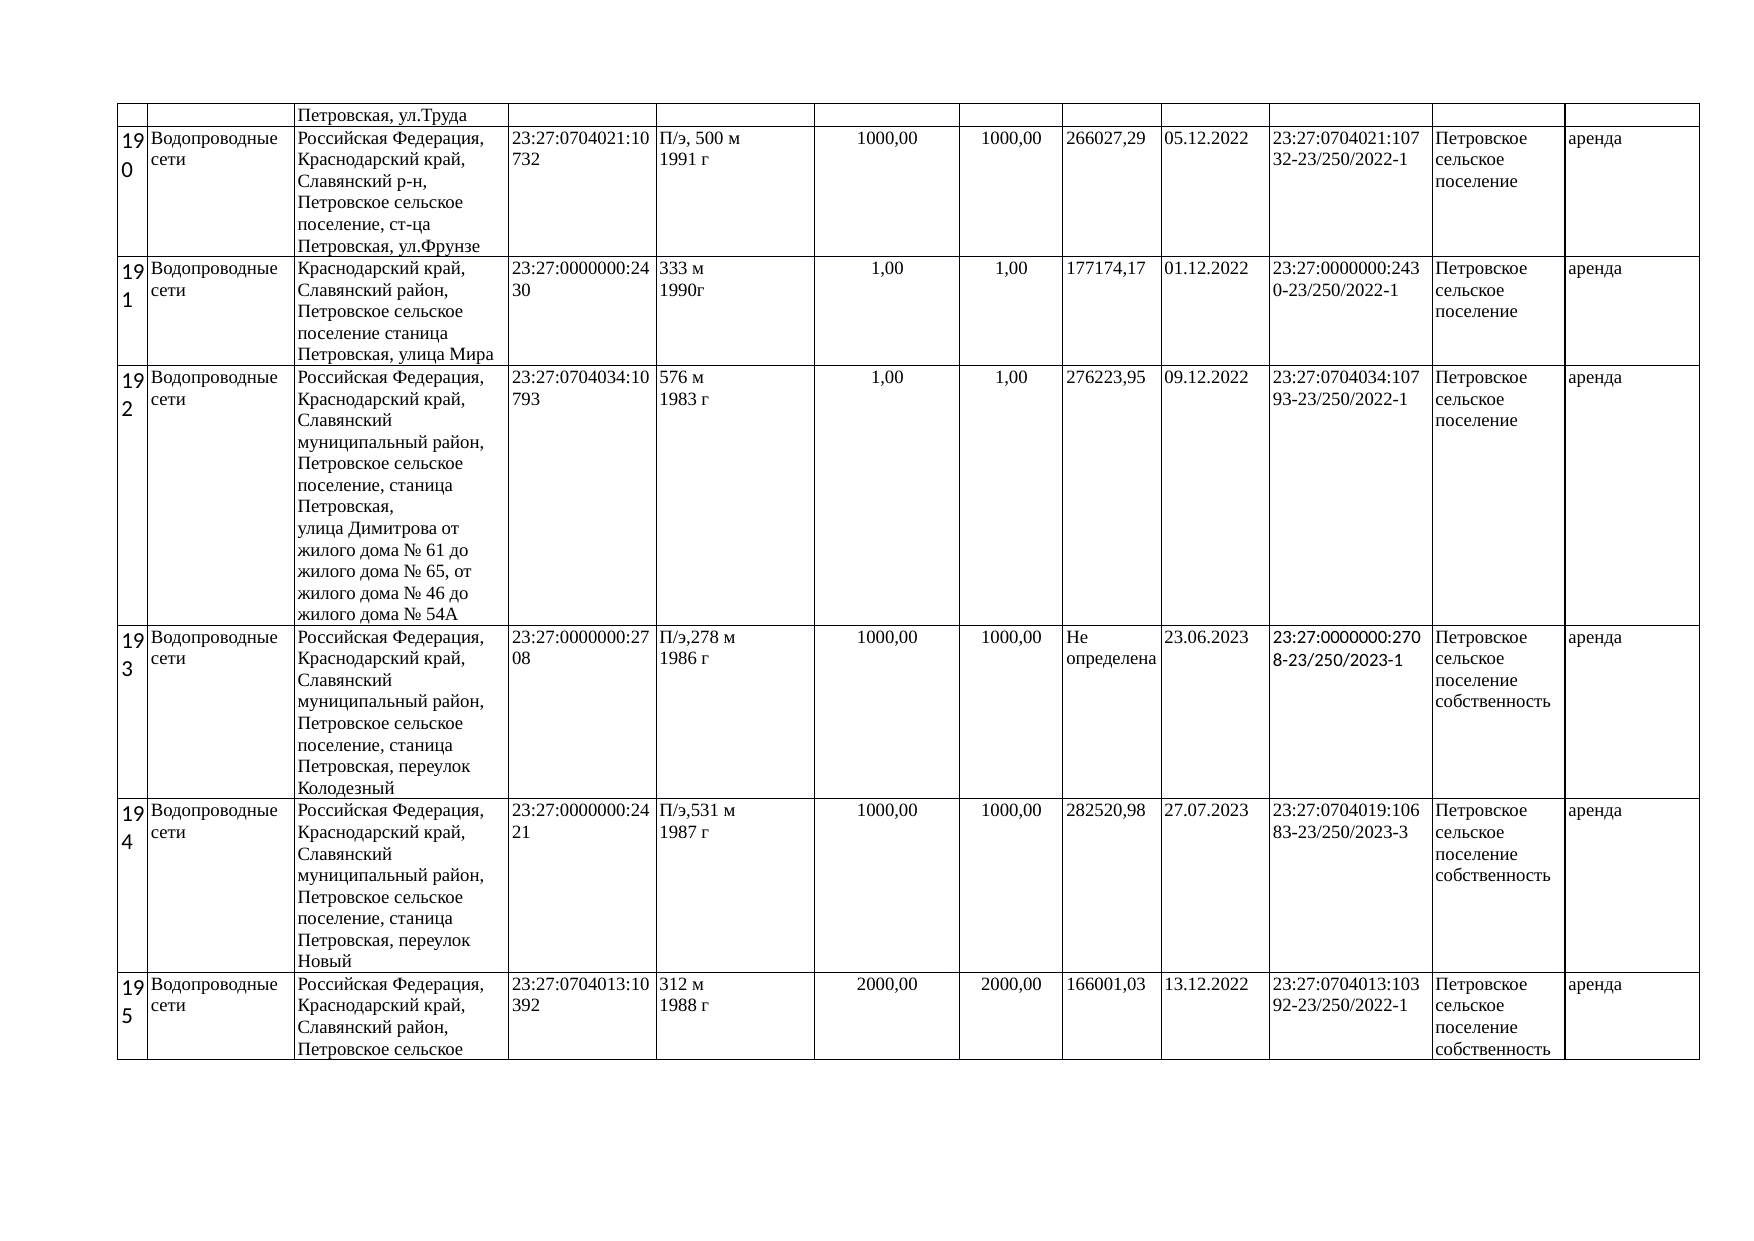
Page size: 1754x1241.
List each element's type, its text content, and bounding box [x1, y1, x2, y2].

table_cell 276223,95 [1063, 366, 1161, 625]
table_cell [118, 104, 147, 126]
table_cell Не определена [1063, 626, 1161, 798]
table_cell Российская Федерация, Краснодарский край, Славянский район, Петровское сельское [295, 973, 508, 1059]
table_cell 23:27:0000000:2708 [509, 626, 656, 798]
table_cell 1,00 [815, 366, 959, 625]
table_cell 193 [118, 626, 147, 798]
table_cell П/э,531 м 1987 г [657, 799, 814, 972]
table_cell Водопроводные сети [148, 366, 294, 625]
table_cell [1270, 104, 1432, 126]
table_cell 05.12.2022 [1162, 127, 1269, 256]
table_cell [148, 104, 294, 126]
table_cell П/э, 500 м 1991 г [657, 127, 814, 256]
table_cell аренда [1566, 257, 1699, 365]
table_cell [657, 104, 814, 126]
table_cell Петровское сельское поселение собственность [1433, 626, 1564, 798]
table_cell 282520,98 [1063, 799, 1161, 972]
table_cell [960, 104, 1062, 126]
table_cell 01.12.2022 [1162, 257, 1269, 365]
table_cell 09.12.2022 [1162, 366, 1269, 625]
table_cell 190 [118, 127, 147, 256]
table_cell 23:27:0704021:10732 [509, 127, 656, 256]
table_cell [1566, 104, 1699, 126]
table_cell 23:27:0000000:2430 [509, 257, 656, 365]
table_cell П/э,278 м 1986 г [657, 626, 814, 798]
table_cell Петровская, ул.Труда [295, 104, 508, 126]
table_cell 1000,00 [815, 127, 959, 256]
table_cell аренда [1566, 366, 1699, 625]
table_cell [1063, 104, 1161, 126]
table_cell Краснодарский край, Славянский район, Петровское сельское поселение станица Петровская, улица Мира [295, 257, 508, 365]
table_cell 195 [118, 973, 147, 1059]
table_cell Петровское сельское поселение [1433, 127, 1564, 256]
table_cell 312 м 1988 г [657, 973, 814, 1059]
table_cell 1,00 [960, 257, 1062, 365]
table_cell 23:27:0704034:10793 [509, 366, 656, 625]
table_cell 1000,00 [960, 626, 1062, 798]
table_cell 23:27:0000000:2421 [509, 799, 656, 972]
table_cell Водопроводные сети [148, 257, 294, 365]
table_cell 1000,00 [960, 127, 1062, 256]
table_cell Петровское сельское поселение [1433, 257, 1564, 365]
table_cell 166001,03 [1063, 973, 1161, 1059]
table_cell Российская Федерация, Краснодарский край, Славянский муниципальный район, Петровское сельское поселение, станица Петровская, переулок Колодезный [295, 626, 508, 798]
table_cell 23.06.2023 [1162, 626, 1269, 798]
table_cell 1000,00 [815, 626, 959, 798]
table_cell 177174,17 [1063, 257, 1161, 365]
table_cell [1162, 104, 1269, 126]
table_cell 23:27:0704021:10732-23/250/2022-1 [1270, 127, 1432, 256]
table_cell Водопроводные сети [148, 973, 294, 1059]
table_cell Российская Федерация, Краснодарский край, Славянский муниципальный район, Петровское сельское поселение, станица Петровская, переулок Новый [295, 799, 508, 972]
table_cell 333 м 1990г [657, 257, 814, 365]
table_cell 1000,00 [815, 799, 959, 972]
table_cell 192 [118, 366, 147, 625]
table_cell аренда [1566, 973, 1699, 1059]
table_cell Петровское сельское поселение [1433, 366, 1564, 625]
table_cell 23:27:0704034:10793-23/250/2022-1 [1270, 366, 1432, 625]
table_cell 23:27:0000000:2708-23/250/2023-1 [1270, 626, 1432, 798]
table_cell 2000,00 [960, 973, 1062, 1059]
table_cell 23:27:0000000:2430-23/250/2022-1 [1270, 257, 1432, 365]
table_cell Петровское сельское поселение собственность [1433, 973, 1564, 1059]
table_cell [1433, 104, 1564, 126]
table_cell 576 м 1983 г [657, 366, 814, 625]
table_cell 2000,00 [815, 973, 959, 1059]
table_cell 13.12.2022 [1162, 973, 1269, 1059]
table_cell 1000,00 [960, 799, 1062, 972]
table_cell 23:27:0704013:10392 [509, 973, 656, 1059]
table_cell аренда [1566, 626, 1699, 798]
table_cell 266027,29 [1063, 127, 1161, 256]
table_cell 23:27:0704013:10392-23/250/2022-1 [1270, 973, 1432, 1059]
table_cell 23:27:0704019:10683-23/250/2023-3 [1270, 799, 1432, 972]
table_cell Водопроводные сети [148, 127, 294, 256]
table_cell 1,00 [815, 257, 959, 365]
table_cell 194 [118, 799, 147, 972]
table_cell Петровское сельское поселение собственность [1433, 799, 1564, 972]
table_cell [509, 104, 656, 126]
table_cell Российская Федерация, Краснодарский край, Славянский р-н, Петровское сельское поселение, ст-ца Петровская, ул.Фрунзе [295, 127, 508, 256]
table_cell аренда [1566, 799, 1699, 972]
table_cell 27.07.2023 [1162, 799, 1269, 972]
table_cell 191 [118, 257, 147, 365]
table_cell Российская Федерация, Краснодарский край, Славянский муниципальный район, Петровское сельское поселение, станица Петровская, улица Димитрова от жилого дома № 61 до жилого дома № 65, от жилого дома № 46 до жилого дома № 54А [295, 366, 508, 625]
table_cell аренда [1566, 127, 1699, 256]
table_cell Водопроводные сети [148, 626, 294, 798]
table_cell [815, 104, 959, 126]
table_cell Водопроводные сети [148, 799, 294, 972]
table_cell 1,00 [960, 366, 1062, 625]
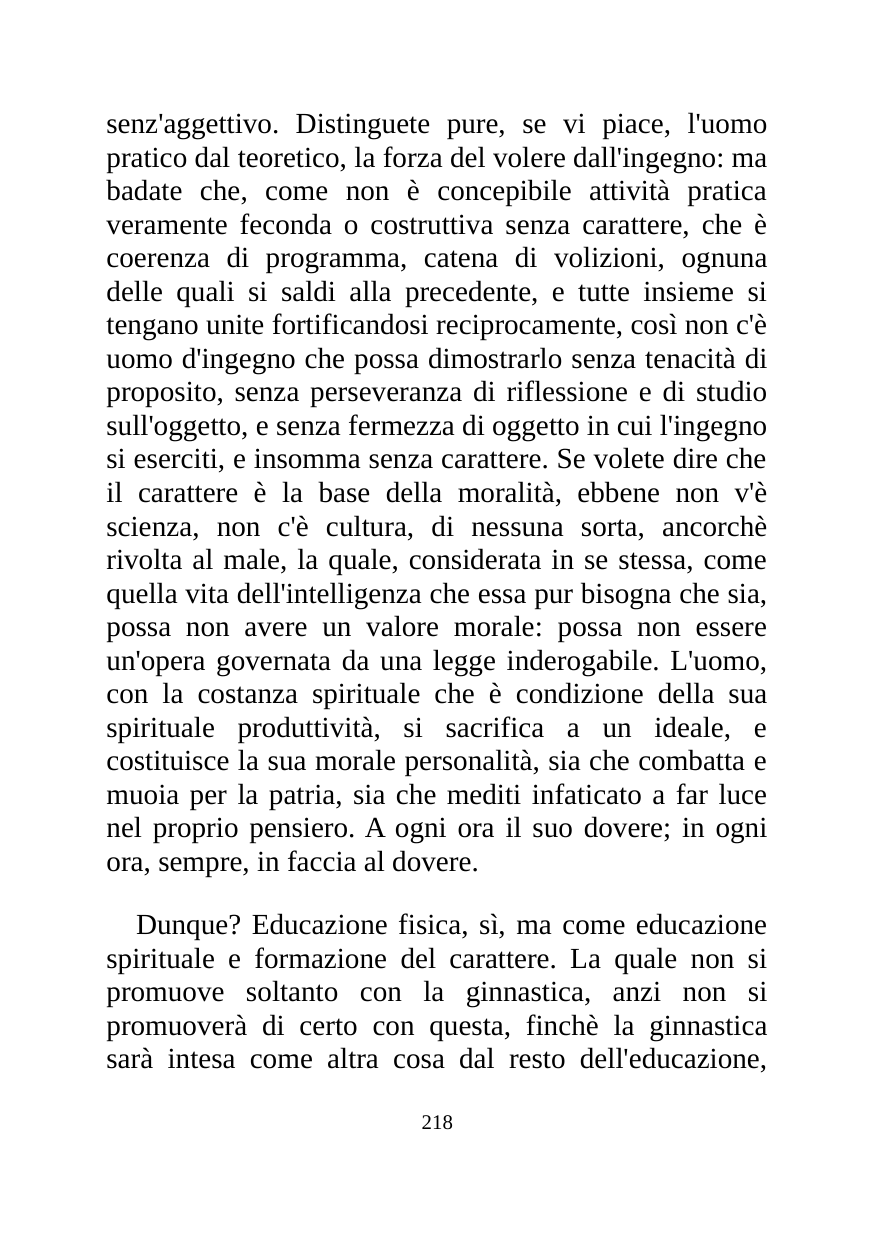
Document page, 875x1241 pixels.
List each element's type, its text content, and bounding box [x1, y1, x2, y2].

text senz'aggettivo. Distinguete pure, se vi piace, l'uomo pratico dal teoretico, la forza del volere dall'ingegno: ma badate che, come non è concepibile attività pratica veramente feconda o costruttiva senza carattere, che è coerenza di programma, catena di volizioni, ognuna delle quali si saldi alla precedente, e tutte insieme si tengano unite fortificandosi reciprocamente, così non c'è uomo d'ingegno che possa dimostrarlo senza tenacità di proposito, senza perseveranza di riflessione e di studio sull'oggetto, e senza fermezza di oggetto in cui l'ingegno si eserciti, e insomma senza carattere. Se volete dire che il carattere è la base della moralità, ebbene non v'è scienza, non c'è cultura, di nessuna sorta, ancorchè rivolta al male, la quale, considerata in se stessa, come quella vita dell'intelligenza che essa pur bisogna che sia, possa non avere un valore morale: possa non essere un'opera governata da una legge inderogabile. L'uomo, con la costanza spirituale che è condizione della sua spirituale produttività, si sacrifica a un ideale, e costituisce la sua morale personalità, sia che combatta e muoia per la patria, sia che mediti infaticato a far luce nel proprio pensiero. A ogni ora il suo dovere; in ogni ora, sempre, in faccia al dovere. [106, 106, 768, 878]
text Dunque? Educazione fisica, sì, ma come educazione spirituale e formazione del carattere. La quale non si promuove soltanto con la ginnastica, anzi non si promuoverà di certo con questa, finchè la ginnastica sarà intesa come altra cosa dal resto dell'educazione, [106, 907, 768, 1075]

* **Your objective**: The required output is every line above from the one with "table_cell [1566, 104, 1699, 126]" down to the one with "table_cell 195 [118, 973, 147, 1059]", restated word for word, ends included.

* **Response below**:
table_cell [1566, 104, 1699, 126]
table_cell 23:27:0000000:2430 [509, 257, 656, 365]
table_cell П/э,278 м 1986 г [657, 626, 814, 798]
table_cell Петровская, ул.Труда [295, 104, 508, 126]
table_cell 1000,00 [815, 127, 959, 256]
table_cell аренда [1566, 366, 1699, 625]
table_cell [1063, 104, 1161, 126]
table_cell Краснодарский край, Славянский район, Петровское сельское поселение станица Петровская, улица Мира [295, 257, 508, 365]
table_cell 195 [118, 973, 147, 1059]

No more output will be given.